We are trying to outer join several csv files, each containing two columns. The column we're joining on (NMI, which we make the index) is a unique identifier and mostly overlaps between each file (each file represents a day), but sometimes certain days will have more or less than others.
When we do the first join, everything looks normal, and each of the two daily columns have the same number of values as their .csv files.
file1_pri.count()
HCT 477358
NMI 477358
dtype: int64
file2_pri.count()
HCT 1548030
NMI 1548030
dtype: int64
file1_pri.set_index('NMI', inplace = True)
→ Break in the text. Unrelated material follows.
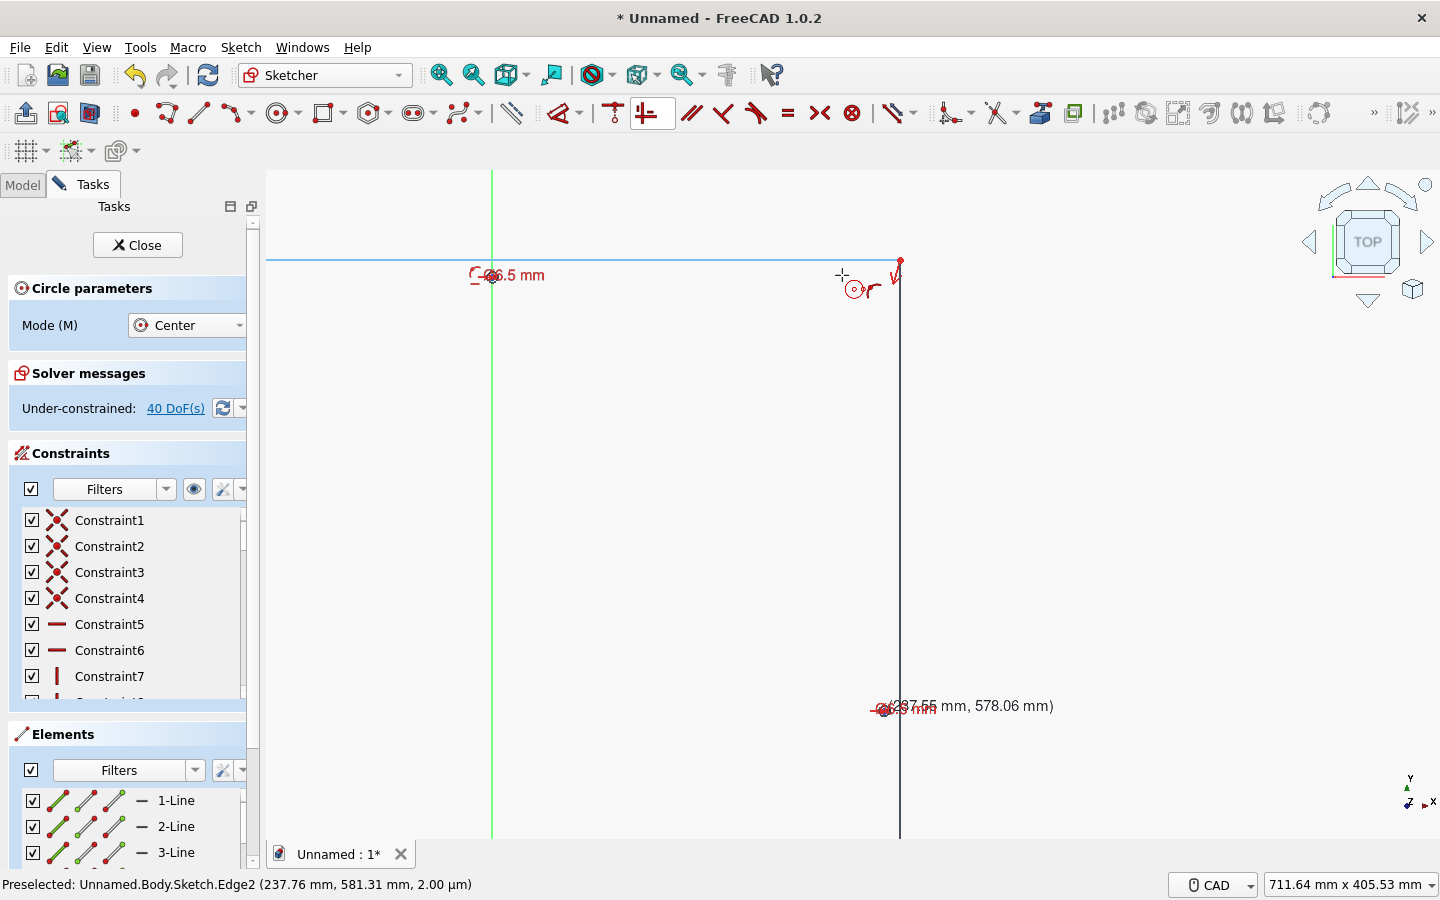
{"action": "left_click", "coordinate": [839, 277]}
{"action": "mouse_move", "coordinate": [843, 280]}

file2_pri.set_index('NMI', inplace = True)
file1_pri.count()
HCT 477358
dtype: int64
file2_pri.count()
HCT 1548030
dtype: int64
combined_file = file1_pri.join(file2_pri,
how = 'outer',
on = 'NMI',
lsuffix = '_day1',
rsuffix = '_day2')
combined_file.count()
NMI 1605303
HCT_day1 477594
HCT_day2 1548391
dtype: int64
combined_file.set_index('NMI', inplace = True)
combined_file.count()
HCT_day1 477594
HCT_day2 1548391
dtype: int64
However, after joining all of the csv files, two of them (the files with the least # of records, Day 1 & Day 8) cause memory issues because they have somehow grown to ~100x their actual size, and we're not sure why.
counter = 2
for file in csv_files.csv_filename[2:]:
file_df = pd.read_csv(file,
usecols=['NMI',
'HCT'])
file_pri.set_index('NMI', inplace = True)
print(file_pri.count())
combined_file = combined_file.join(file_pri,
how = 'outer',
on = 'NMI',
lsuffix = '',
rsuffix = '_day'+str(dates3[counter]))
counter += 1
combined_file.set_index('NMI', inplace = True)
combined_file.count()
HCT_day1 474331493
HCT_day2 1556243
HCT_day3 1583076
HCT_day4 1587760
HCT_day5 1488439
HCT_day6 1594631
HCT_day7 1466769
HCT_day8 474313590
HCT_day9 1570717
dtype: int64
We expected Day 1 to contain 477594 values instead of 474331493 and Day 8 to contain 462960 values instead of 474313590. The memory consumption every time the script joins these two csv files is near max of our PC's RAM at ~31.7 GB (99% of total RAM). We had originally been using merge instead of join, but that kept failing due to memory errors, so that's why we switched to join (to be more efficient).